The interim results from this 90-day multi-dose, inhalation toxicology study with life-time post-exposure observation has shown an important fundamental difference in persistence and pathological response in the lung between brake dust derived from brake-pads manufactured with chrysotile, TiO2 or chrysotile alone in comparison to the amphiboles, crocidolite and amosite asbestos.
In the brake dust exposure groups no significant pathological response was observed at any time. Slight macrophage accumulation of particles was noted. Wagnerscores, were from 1 to 2 (1 = air-control group) and were similar to the TiO2 group.
Chrysotile being biodegradable, shows a weakening of its matrix and breaking into short fibers & particles that can be cleared by alveolar macrophages and
continued dissolution. In the chrysotile exposure groups, particle laden macrophage accumulation was noted leading to a slight interstitial inflammatory response
(Wagner-score 1–3). There was no peribronchiolar inflammation and occasional very slight interstitial fibrosis.
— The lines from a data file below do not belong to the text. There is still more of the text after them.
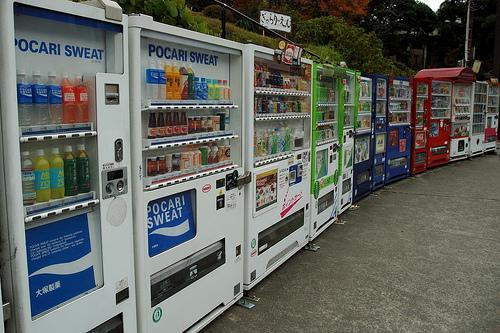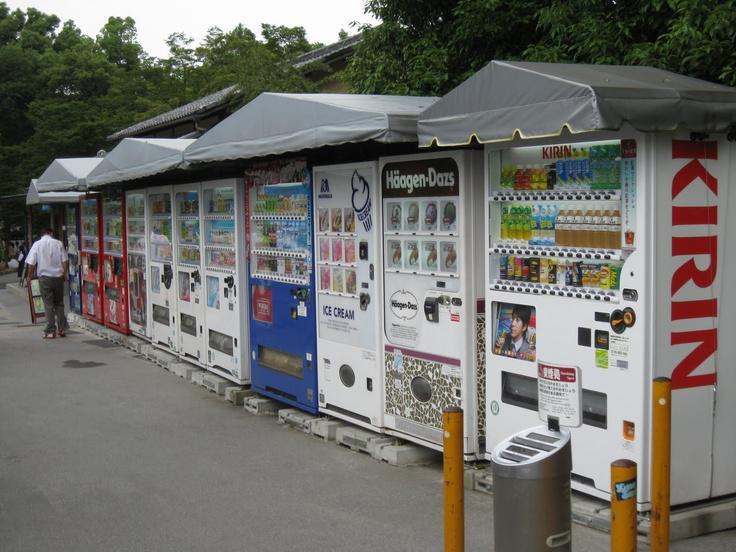The first image is the image on the left, the second image is the image on the right. For the images shown, is this caption "A standing person is visible only at the far end of a long row of vending machines." true? Answer yes or no. Yes. The first image is the image on the left, the second image is the image on the right. For the images shown, is this caption "There is at least one person standing outside near the machines in the image on the right." true? Answer yes or no. Yes. 
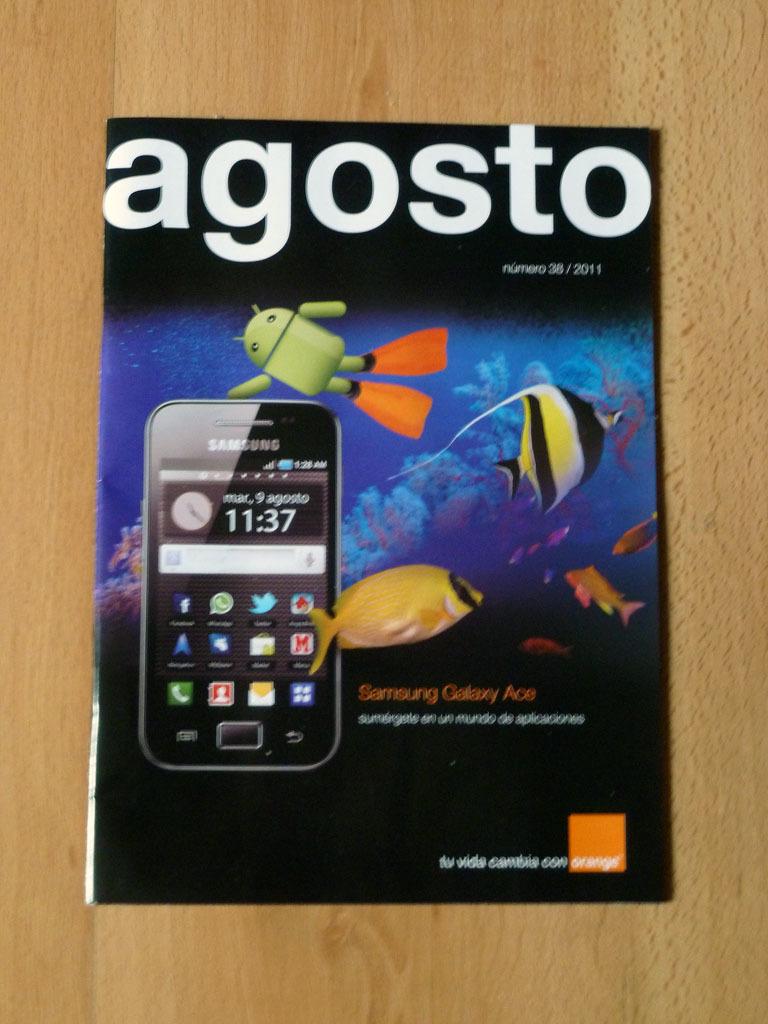What time does the phone show?
Provide a short and direct response. 11:37. What is the brand of the phone?
Provide a short and direct response. Samsung. 
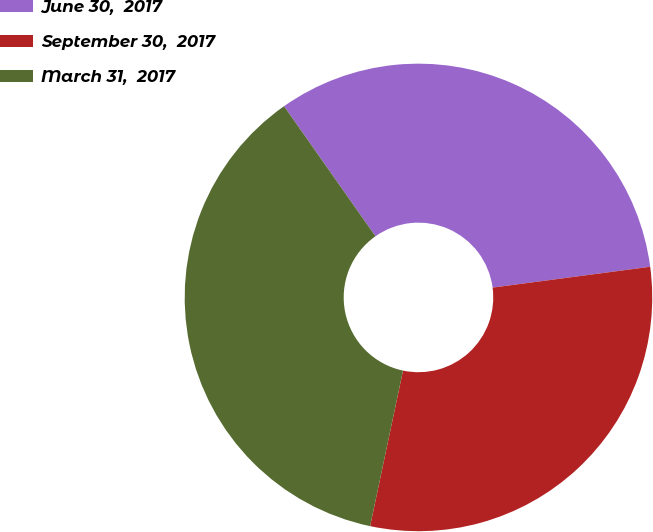<chart> <loc_0><loc_0><loc_500><loc_500><pie_chart><fcel>June 30,  2017<fcel>September 30,  2017<fcel>March 31,  2017<nl><fcel>32.66%<fcel>30.41%<fcel>36.93%<nl></chart> 
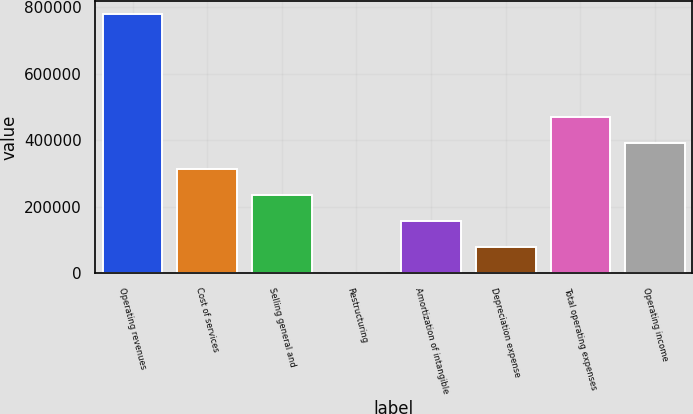<chart> <loc_0><loc_0><loc_500><loc_500><bar_chart><fcel>Operating revenues<fcel>Cost of services<fcel>Selling general and<fcel>Restructuring<fcel>Amortization of intangible<fcel>Depreciation expense<fcel>Total operating expenses<fcel>Operating income<nl><fcel>781355<fcel>313713<fcel>235772<fcel>1951<fcel>157832<fcel>79891.4<fcel>470851<fcel>391653<nl></chart> 
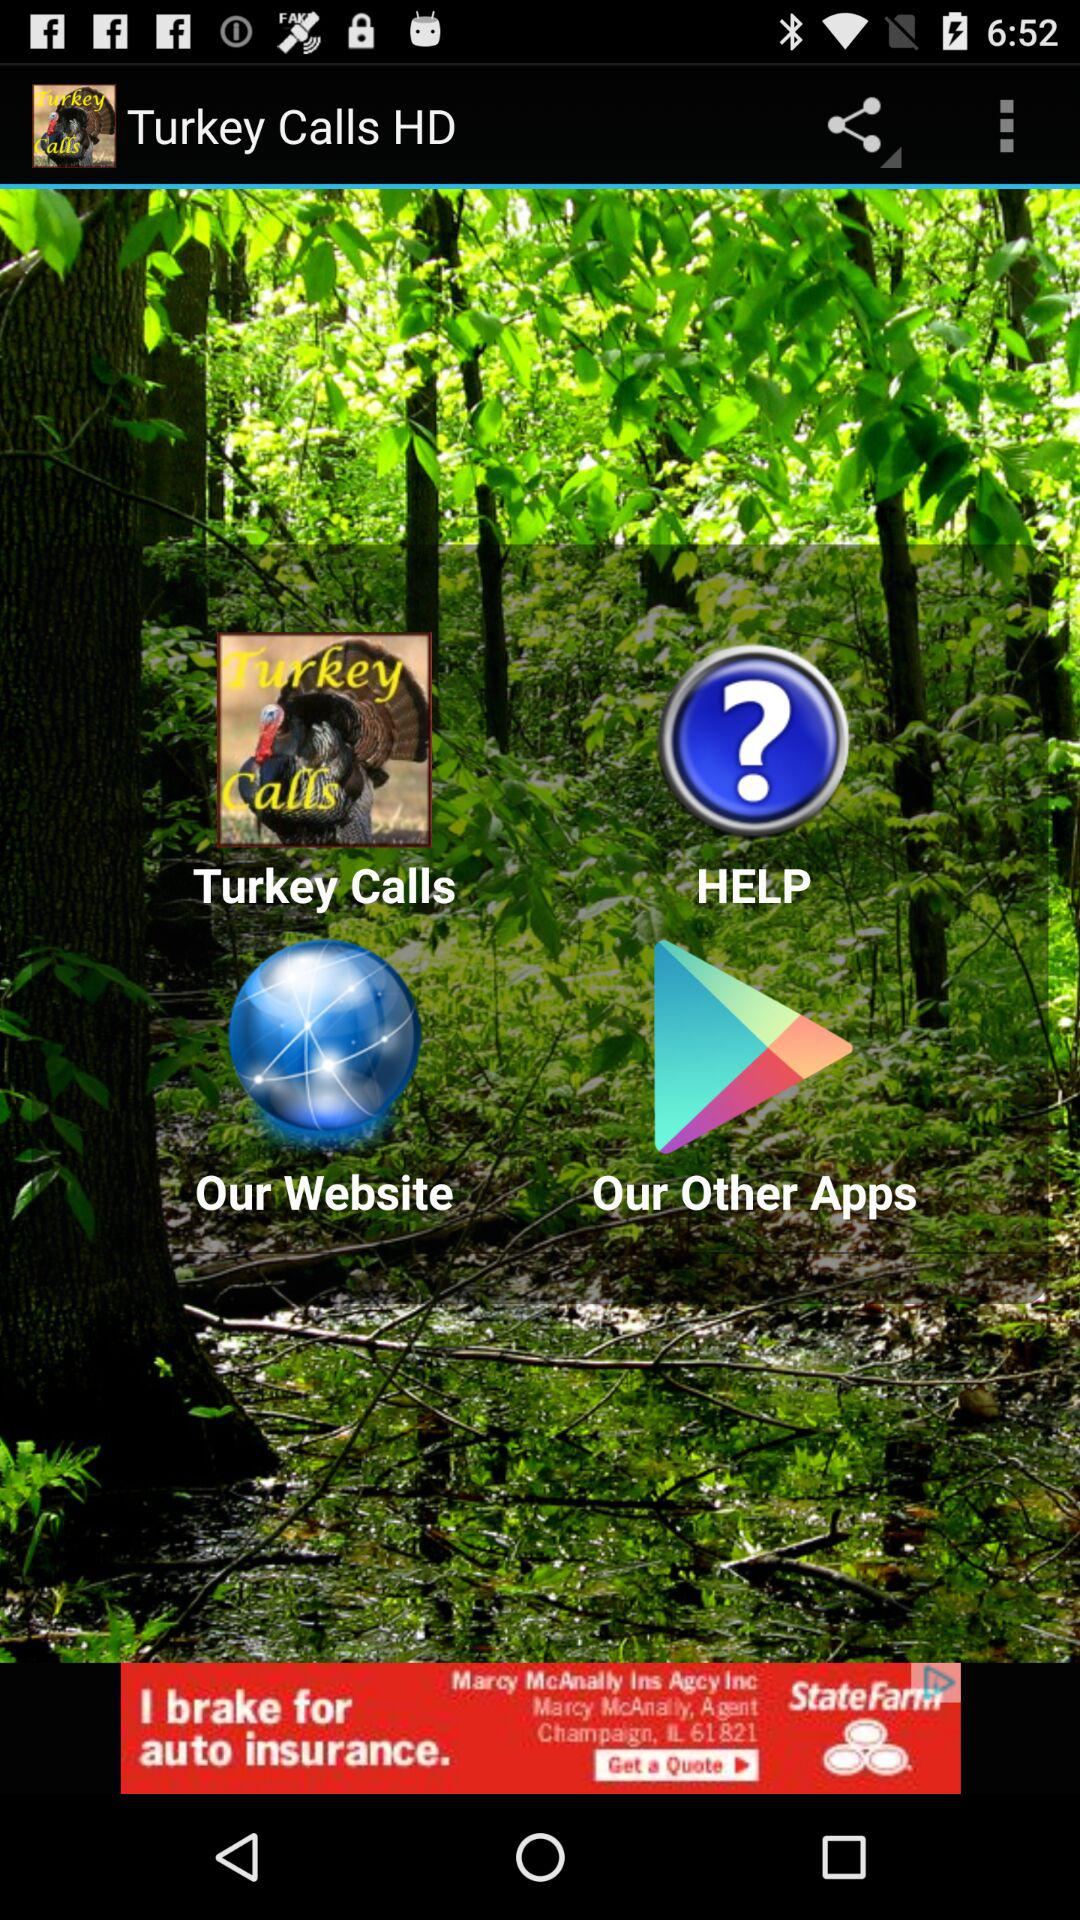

The histopathology and the confocal analyses clearly differentiate the pathological response from amphibole asbestos, crocidolite and amosite, compared to that
from the brake dust and chrysotile. Both crocidolite and amosite induced persistent inflammation, microgranulomas, and fibrosis (Wagner-scores 4), which persisted through the post exposure period. The confocal microscopy of the lung and snap-frozen chestwalls quantified the extensive inflammatory response and collagen development in the lung and on the visceral and parietal surfaces.
The interim results reported here, provide a clear basis for differentiating the effects from brake dust exposure from those following amphibole asbestos exposure.
The subsequent results through life-time post-exposure will follow.